Efficiency: Not Always Our Friend

“Practical, Captain? Perhaps. But not desirable. Computers make excellent and efficient servants; but I have no wish to serve under them. Captain, a starship also runs on loyalty to one man, and nothing can replace it, or him.” – Star Trek (TOS)

I’d tell you a German knock-knock joke but they already have AI-enabled sensing that lets them know who it is.

Let’s pretend that you had to break a big rock.  A really big one, say the size of your mother-in-law’s butt.

Okay, that’s a big ask.  The last time I had to break a big rock that big was . . . never.  That’s a big rock.

Big rocks, mothers-in-law?  You’re thinking, have you had too much ale, John Wilder?  Bear with me, this will make as much sense as Joe Biden’s economic policies.

So, we’re back to breaking a stupid rock in our mind because John Wilder asked us to.  What’s the most direct way to do it?

What does a member of the Southern Buddhist Church say when they die?  “What in the reintarnation is going on here?”

You might think you could use a sledgehammer, but not so fast, Thor.  That’s not the most direct way, and Disney® will probably sue me for mentioning Thor because they now have the intellectual property rights on all things Norse.   Ignore Disney®, since they don’t have (yet) a copyright on hammers.  But I don’t want to give them ideas, because soon enough they’ll have a copyright on interstellar space.

To have a steel hammer, you’d have to make one.  That would involve having a mine for iron ore.  Then the ore would have to be processed into steel.  After you figured out how to do that, you’d have to forge the head of the hammer (it has to be strong, right?).

Even then you’re not done.  You have to find a tree, get some wood suitable for a handle, invent an entire industry to just get the knife to carve the handle, and finally mate the handle to the hammer head.

Nope.  A hammer isn’t that direct. To have a hammer, you have to have a functioning civilization.

Thor’s enemies never get drunk:  they just get hammered.

For the most direct way, you’d have to grab a stone or something hard nearby and just start thwacking the rock.
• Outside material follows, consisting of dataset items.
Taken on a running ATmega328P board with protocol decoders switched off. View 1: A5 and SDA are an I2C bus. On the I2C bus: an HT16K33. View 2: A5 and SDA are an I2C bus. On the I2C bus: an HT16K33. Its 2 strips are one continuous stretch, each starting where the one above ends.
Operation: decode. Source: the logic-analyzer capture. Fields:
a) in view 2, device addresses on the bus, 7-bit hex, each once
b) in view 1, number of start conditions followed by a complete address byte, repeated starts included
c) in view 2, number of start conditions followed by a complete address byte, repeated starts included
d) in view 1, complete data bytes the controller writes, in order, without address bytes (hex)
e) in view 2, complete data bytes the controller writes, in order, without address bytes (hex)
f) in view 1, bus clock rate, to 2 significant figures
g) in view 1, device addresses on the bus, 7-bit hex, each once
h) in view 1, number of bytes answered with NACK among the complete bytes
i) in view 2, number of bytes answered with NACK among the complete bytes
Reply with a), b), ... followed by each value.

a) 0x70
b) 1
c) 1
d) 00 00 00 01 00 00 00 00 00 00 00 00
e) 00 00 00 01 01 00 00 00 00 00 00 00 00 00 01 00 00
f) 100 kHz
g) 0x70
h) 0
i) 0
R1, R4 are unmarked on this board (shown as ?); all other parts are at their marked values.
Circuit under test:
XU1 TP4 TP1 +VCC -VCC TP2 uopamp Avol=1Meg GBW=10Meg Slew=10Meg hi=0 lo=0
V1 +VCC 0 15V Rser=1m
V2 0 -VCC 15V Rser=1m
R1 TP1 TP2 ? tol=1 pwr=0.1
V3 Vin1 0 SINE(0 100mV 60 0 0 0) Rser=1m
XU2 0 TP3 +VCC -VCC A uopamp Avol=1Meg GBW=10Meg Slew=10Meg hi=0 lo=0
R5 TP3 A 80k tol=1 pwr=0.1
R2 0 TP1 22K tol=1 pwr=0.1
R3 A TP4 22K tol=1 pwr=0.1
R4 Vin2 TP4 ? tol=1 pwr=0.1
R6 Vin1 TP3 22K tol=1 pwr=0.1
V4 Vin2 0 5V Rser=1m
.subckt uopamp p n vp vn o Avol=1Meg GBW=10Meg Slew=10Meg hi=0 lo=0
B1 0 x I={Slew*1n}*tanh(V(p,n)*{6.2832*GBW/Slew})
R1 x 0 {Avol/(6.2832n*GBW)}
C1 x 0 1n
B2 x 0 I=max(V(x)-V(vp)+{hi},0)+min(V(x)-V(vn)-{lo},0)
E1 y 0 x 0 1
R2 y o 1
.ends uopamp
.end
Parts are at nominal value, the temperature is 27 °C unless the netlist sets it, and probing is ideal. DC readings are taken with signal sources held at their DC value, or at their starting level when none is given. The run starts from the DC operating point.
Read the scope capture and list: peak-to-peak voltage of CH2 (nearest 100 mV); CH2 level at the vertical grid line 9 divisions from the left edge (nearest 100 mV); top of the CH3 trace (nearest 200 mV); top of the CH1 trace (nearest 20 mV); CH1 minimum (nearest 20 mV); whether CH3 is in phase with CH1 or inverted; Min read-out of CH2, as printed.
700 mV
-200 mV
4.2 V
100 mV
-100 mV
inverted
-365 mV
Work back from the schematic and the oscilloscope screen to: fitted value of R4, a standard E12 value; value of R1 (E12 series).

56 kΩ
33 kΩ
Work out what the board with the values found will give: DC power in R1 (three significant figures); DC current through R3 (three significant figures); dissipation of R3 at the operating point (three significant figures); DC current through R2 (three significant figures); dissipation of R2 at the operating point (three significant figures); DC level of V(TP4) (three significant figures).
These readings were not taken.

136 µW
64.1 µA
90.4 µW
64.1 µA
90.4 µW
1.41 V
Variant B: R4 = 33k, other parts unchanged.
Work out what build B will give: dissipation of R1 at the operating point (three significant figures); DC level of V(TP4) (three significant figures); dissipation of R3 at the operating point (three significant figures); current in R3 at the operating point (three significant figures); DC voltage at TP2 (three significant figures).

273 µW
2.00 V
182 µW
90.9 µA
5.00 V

That’s not very efficient.

A hammer is more efficient.  But how about you build a piece of high-strength steel to use as a drill?  That’s faster.  But the drill requires advances in metallurgy even greater than the hammer head.

Okay, what’s the most efficient way to break rock?

How about you blow it up?

Note to the ATF, this is economics, not a suggestion.
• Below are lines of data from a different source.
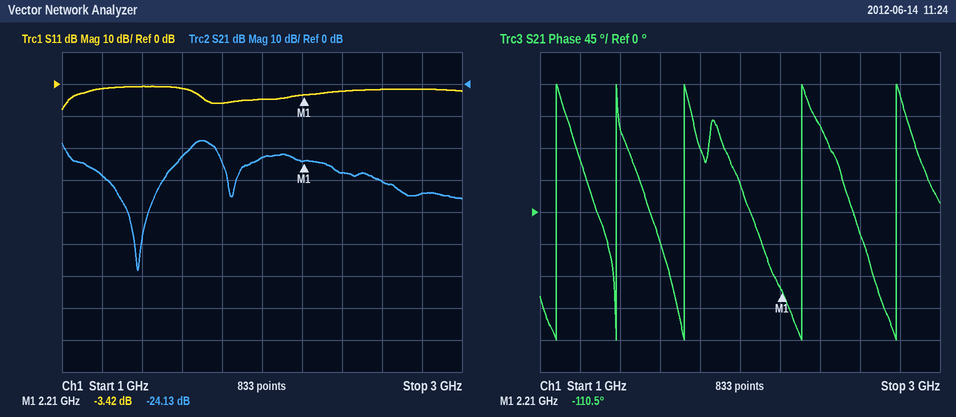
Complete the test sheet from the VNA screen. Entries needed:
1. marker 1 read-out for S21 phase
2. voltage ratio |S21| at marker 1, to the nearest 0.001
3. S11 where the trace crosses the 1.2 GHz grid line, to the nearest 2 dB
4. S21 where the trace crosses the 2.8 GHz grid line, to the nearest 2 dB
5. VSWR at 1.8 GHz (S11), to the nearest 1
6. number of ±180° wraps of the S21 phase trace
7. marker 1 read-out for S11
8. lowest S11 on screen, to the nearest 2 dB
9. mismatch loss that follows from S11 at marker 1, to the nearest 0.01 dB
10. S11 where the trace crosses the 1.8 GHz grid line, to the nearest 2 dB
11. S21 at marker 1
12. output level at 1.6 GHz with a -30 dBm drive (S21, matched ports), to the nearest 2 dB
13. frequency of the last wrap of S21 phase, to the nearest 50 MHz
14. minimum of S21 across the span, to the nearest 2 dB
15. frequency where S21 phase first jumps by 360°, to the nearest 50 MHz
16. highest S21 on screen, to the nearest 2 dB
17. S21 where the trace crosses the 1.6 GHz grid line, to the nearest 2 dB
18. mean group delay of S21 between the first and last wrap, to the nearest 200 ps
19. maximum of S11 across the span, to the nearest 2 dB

-110.5°
0.062
-2 dB
-34 dB
3
5
-3.42 dB
-8 dB
2.64 dB
-6 dB
-24.13 dB
-52 dBm
2.80 GHz
-58 dB
1.10 GHz
-18 dB
-22 dB
2.4 ns
0 dB
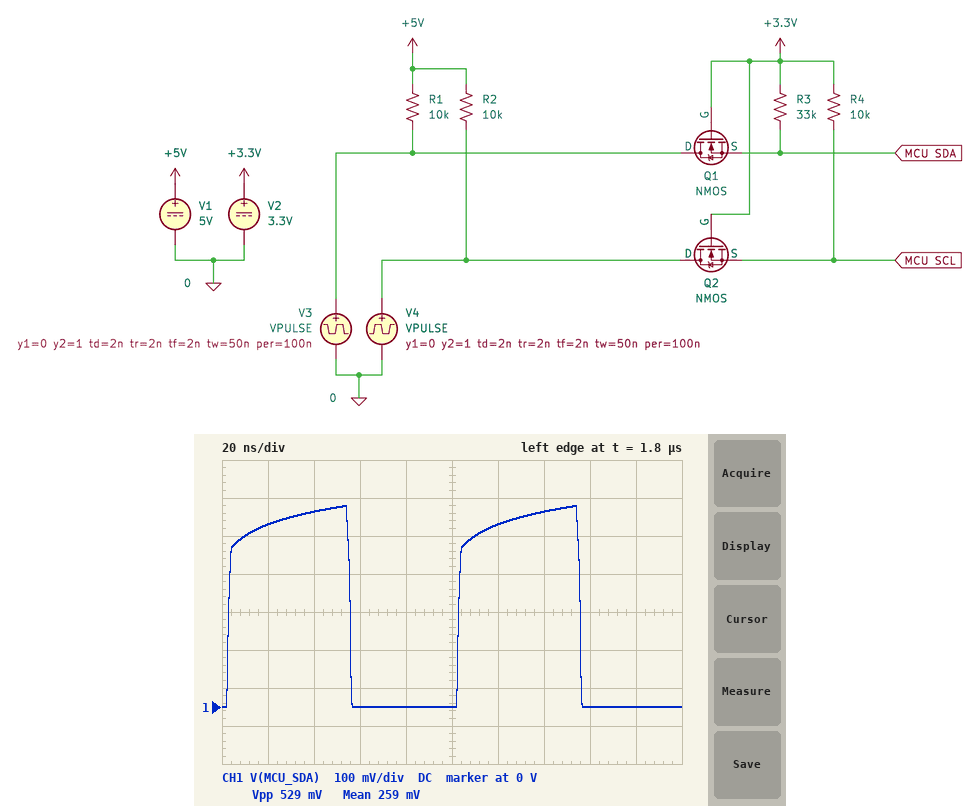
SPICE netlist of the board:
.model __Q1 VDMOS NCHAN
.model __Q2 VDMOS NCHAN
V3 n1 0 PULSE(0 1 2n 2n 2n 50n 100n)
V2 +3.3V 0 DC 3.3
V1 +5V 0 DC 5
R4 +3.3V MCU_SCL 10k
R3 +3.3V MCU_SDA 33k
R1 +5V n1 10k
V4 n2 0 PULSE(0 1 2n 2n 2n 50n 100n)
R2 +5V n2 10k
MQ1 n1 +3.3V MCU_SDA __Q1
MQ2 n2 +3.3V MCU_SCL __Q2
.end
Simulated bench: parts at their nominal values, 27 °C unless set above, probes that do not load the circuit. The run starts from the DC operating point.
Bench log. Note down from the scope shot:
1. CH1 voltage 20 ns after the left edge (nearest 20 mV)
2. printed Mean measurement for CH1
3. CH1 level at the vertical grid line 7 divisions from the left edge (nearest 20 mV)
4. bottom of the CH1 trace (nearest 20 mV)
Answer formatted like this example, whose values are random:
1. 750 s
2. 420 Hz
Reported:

That’s a really good way to make a big rock a bunch of tiny rocks, quickly.  But in addition to making your hammer and drill, you have to also create an entire industry dedicated to making explosives.

This points out a lesson from the (dead) Austrian economics dude, Ludwig Von Mises:  the most efficient way to do something is the most indirect.
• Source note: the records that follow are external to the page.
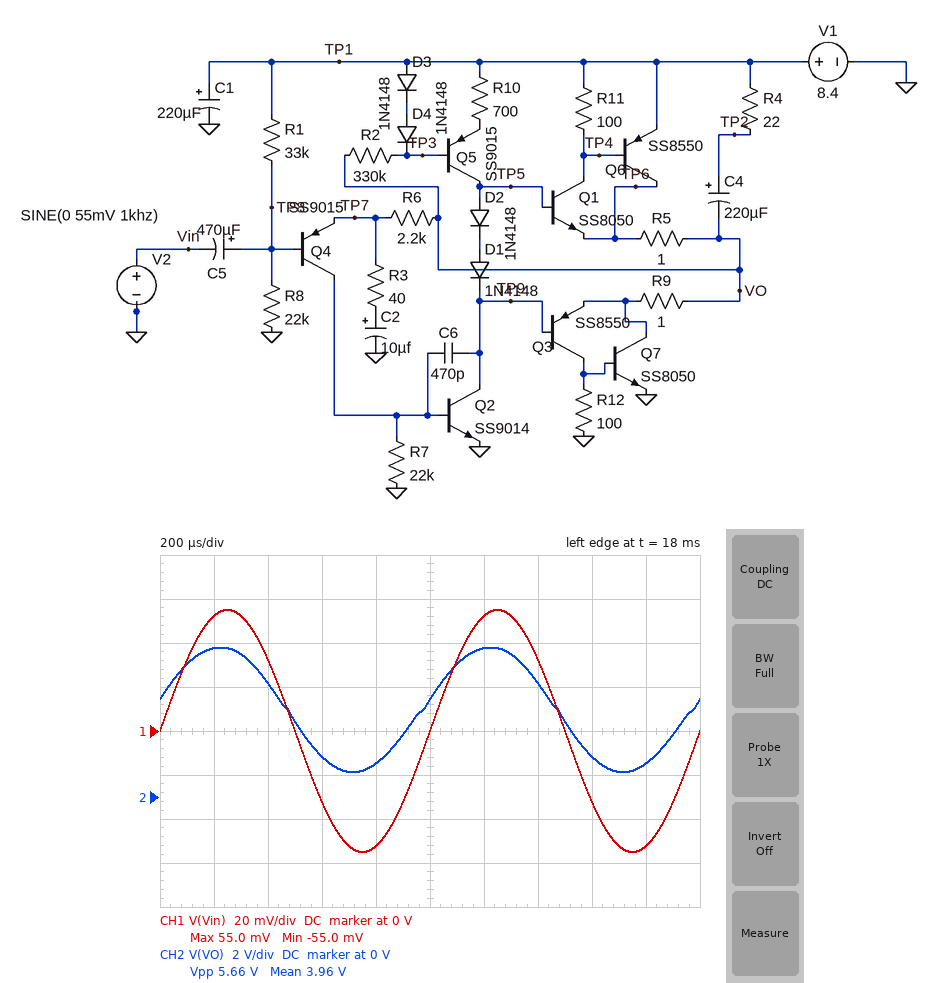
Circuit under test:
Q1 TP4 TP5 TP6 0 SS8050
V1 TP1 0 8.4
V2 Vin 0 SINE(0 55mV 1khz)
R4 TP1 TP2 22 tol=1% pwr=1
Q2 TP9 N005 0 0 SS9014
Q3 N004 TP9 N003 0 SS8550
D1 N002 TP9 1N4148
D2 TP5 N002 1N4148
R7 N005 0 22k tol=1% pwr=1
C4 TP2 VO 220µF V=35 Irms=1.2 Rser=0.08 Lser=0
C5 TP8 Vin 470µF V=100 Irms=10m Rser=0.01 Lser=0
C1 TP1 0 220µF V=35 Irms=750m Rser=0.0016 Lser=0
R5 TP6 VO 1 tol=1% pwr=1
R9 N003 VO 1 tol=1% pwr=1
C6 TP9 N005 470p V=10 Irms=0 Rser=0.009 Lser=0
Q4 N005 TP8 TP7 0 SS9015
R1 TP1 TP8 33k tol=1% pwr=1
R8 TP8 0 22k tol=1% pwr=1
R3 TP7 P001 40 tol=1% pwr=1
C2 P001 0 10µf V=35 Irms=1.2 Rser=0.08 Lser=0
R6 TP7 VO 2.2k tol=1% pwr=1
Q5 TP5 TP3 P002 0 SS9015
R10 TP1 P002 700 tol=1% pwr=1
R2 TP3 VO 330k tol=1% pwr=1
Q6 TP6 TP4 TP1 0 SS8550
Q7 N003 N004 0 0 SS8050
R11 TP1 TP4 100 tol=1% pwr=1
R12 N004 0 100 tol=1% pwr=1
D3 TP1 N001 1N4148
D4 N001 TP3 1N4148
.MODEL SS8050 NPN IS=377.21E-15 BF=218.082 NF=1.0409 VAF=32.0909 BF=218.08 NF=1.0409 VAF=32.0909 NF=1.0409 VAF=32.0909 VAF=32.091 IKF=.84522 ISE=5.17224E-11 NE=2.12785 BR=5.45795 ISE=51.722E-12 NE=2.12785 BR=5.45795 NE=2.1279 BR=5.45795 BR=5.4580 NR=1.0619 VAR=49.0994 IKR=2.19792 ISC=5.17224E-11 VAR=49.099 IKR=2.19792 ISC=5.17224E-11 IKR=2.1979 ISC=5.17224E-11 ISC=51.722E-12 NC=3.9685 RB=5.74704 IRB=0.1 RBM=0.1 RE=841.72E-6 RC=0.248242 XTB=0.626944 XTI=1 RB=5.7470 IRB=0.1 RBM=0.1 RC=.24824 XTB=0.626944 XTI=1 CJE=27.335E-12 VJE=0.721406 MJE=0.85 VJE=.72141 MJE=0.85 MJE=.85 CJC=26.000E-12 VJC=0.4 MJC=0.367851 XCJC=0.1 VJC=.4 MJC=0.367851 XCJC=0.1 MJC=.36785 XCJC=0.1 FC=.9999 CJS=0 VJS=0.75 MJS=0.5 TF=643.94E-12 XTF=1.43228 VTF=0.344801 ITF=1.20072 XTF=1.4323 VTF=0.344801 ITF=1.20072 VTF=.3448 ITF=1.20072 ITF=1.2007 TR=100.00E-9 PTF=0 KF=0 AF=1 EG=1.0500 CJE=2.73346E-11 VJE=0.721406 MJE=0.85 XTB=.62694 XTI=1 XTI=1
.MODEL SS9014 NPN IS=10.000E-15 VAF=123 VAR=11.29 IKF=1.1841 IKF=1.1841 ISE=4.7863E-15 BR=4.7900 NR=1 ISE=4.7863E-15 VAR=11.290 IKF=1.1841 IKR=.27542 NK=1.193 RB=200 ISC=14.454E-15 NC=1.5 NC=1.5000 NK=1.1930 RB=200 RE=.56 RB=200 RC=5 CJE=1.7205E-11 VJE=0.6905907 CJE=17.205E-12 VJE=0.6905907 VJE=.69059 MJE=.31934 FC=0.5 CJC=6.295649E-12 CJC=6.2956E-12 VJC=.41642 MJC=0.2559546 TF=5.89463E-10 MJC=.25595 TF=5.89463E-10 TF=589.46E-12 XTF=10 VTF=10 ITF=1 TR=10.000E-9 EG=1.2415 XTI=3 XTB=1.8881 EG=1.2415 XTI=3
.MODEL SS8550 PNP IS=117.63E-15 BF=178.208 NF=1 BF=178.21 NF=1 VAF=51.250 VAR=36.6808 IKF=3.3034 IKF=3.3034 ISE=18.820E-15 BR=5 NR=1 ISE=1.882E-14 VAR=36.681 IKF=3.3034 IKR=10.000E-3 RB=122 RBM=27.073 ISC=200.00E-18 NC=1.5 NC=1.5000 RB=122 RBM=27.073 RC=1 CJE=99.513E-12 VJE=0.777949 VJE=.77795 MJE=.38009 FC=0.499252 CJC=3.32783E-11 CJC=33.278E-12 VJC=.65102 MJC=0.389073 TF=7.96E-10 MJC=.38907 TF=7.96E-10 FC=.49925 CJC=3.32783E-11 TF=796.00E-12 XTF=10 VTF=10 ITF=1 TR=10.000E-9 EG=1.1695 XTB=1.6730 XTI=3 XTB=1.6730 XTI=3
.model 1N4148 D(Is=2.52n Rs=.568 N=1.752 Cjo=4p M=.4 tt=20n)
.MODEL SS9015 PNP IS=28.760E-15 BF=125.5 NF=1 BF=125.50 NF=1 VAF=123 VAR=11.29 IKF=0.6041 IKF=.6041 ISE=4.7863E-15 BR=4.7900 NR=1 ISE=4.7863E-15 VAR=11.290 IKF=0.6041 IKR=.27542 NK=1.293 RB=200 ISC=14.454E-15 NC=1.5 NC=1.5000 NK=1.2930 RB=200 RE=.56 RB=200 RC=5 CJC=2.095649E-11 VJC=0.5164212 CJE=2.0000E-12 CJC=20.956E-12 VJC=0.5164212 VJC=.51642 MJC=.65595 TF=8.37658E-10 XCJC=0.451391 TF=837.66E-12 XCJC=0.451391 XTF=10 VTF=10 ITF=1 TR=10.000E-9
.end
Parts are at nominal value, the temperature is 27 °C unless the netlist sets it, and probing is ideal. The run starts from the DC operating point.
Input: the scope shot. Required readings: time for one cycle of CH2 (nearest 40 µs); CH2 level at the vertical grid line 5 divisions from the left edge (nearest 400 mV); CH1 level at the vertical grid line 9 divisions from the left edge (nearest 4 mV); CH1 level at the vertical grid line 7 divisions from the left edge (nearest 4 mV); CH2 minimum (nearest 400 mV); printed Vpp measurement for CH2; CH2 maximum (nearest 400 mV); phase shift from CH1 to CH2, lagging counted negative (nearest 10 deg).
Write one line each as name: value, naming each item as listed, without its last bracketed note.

time for one cycle of CH2: 1.00 ms
CH2 level at the vertical grid line 5 divisions from the left edge: 4.4 V
CH1 level at the vertical grid line 9 divisions from the left edge: -52 mV
CH1 level at the vertical grid line 7 divisions from the left edge: 32 mV
CH2 minimum: 1.2 V
printed Vpp measurement for CH2: 5.66 V
CH2 maximum: 6.8 V
phase shift from CH1 to CH2, lagging counted negative: 10 deg
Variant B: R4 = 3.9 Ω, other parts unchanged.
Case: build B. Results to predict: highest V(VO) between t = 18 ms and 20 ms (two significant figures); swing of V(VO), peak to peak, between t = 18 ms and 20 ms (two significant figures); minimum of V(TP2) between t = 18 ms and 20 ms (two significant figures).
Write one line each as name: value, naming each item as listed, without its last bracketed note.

highest V(VO) between t = 18 ms and 20 ms: 6.5 V
swing of V(VO), peak to peak, between t = 18 ms and 20 ms: 5.0 V
minimum of V(TP2) between t = 18 ms and 20 ms: 5.9 V
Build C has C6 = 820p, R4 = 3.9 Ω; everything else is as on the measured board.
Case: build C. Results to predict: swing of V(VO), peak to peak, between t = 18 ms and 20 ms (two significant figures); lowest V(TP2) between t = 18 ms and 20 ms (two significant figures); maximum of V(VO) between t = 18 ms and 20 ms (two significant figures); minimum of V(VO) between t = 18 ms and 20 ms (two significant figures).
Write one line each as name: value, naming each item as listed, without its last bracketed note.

swing of V(VO), peak to peak, between t = 18 ms and 20 ms: 5.0 V
lowest V(TP2) between t = 18 ms and 20 ms: 5.9 V
maximum of V(VO) between t = 18 ms and 20 ms: 6.5 V
minimum of V(VO) between t = 18 ms and 20 ms: 1.5 V

To break a rock more efficiently, you have to look for increasingly more indirect methods.  That requires time.  It requires effort.  And, it requires resources that might be hundreds of miles (around 7 kilometers) away.

We have a really efficient society.  We can have fresh strawberries delivered to us (cheaply) in January because they grow them in Peru or some other country that rarely visits here.  We can have fresh roses for Valentine’s Day® because we have airplanes that deliver them directly from the cocaine fields.  Or something like that.  I’m not a botanist.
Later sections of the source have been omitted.